Every line of the entries that holds the word "below" is to be copied.

::: The input :::

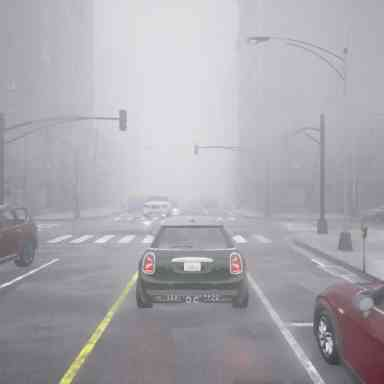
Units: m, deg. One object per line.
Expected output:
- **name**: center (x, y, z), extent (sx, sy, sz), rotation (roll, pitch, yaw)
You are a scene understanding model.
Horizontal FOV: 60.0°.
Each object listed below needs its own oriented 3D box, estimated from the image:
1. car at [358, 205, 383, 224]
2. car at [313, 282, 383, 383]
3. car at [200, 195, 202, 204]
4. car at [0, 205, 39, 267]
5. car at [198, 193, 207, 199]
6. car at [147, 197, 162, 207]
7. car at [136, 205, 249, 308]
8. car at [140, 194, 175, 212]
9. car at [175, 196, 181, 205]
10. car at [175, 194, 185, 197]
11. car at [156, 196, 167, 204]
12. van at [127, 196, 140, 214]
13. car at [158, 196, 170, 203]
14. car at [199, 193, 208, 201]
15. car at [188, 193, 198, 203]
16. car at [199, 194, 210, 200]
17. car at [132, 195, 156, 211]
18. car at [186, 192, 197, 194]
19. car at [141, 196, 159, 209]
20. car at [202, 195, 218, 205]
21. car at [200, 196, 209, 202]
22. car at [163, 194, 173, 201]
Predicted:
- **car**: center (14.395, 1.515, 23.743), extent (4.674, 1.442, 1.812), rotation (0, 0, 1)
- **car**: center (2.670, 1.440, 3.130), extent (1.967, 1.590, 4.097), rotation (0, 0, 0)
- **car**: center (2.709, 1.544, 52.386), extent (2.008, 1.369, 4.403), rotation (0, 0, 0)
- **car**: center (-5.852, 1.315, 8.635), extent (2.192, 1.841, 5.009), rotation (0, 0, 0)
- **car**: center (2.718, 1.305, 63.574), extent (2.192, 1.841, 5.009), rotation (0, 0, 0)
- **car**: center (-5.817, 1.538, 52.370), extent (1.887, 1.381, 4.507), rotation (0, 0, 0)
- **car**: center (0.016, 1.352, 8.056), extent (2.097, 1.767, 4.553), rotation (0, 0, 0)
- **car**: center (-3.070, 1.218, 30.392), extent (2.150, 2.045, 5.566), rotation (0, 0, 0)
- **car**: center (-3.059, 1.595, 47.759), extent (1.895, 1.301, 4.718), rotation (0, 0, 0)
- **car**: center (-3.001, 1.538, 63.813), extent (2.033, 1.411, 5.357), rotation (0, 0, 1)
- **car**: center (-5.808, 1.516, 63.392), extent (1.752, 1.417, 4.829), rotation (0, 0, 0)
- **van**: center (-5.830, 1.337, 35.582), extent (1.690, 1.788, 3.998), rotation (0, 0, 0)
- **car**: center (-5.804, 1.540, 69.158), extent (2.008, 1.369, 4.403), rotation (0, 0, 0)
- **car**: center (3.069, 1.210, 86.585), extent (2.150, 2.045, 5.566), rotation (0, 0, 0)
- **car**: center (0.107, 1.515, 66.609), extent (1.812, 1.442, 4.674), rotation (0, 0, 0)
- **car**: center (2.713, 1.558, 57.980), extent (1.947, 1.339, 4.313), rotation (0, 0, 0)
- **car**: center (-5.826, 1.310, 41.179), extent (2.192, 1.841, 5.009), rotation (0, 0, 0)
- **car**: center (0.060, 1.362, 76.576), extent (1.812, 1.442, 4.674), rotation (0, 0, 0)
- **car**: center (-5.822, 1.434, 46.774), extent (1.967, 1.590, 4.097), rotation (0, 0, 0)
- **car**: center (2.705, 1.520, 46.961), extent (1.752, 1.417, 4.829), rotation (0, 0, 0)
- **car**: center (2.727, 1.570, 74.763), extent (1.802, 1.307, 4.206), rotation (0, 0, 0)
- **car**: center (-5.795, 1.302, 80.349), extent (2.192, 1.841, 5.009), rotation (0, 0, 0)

:::
::: The input :::

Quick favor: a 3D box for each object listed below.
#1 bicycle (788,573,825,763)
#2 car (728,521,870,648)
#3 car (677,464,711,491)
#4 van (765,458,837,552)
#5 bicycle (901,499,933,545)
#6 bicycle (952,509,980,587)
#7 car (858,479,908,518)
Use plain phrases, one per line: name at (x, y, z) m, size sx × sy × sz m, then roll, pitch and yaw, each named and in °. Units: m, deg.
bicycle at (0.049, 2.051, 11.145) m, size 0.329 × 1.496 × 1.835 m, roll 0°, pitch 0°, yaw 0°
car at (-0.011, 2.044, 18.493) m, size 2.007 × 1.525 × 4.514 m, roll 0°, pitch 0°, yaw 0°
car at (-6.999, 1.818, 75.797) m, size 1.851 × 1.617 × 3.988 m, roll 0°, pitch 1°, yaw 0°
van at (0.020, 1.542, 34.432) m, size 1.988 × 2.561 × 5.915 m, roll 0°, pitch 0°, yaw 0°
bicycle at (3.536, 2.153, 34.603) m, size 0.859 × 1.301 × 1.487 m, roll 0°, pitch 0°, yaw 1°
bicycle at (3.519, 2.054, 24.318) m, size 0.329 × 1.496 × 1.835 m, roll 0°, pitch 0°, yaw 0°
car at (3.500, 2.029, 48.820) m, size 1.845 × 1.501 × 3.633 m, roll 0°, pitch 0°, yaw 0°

:::

- Problem solution:
Each object listed below needs its own oriented 3D box, estimated from the image:
Quick favor: a 3D box for each object listed below.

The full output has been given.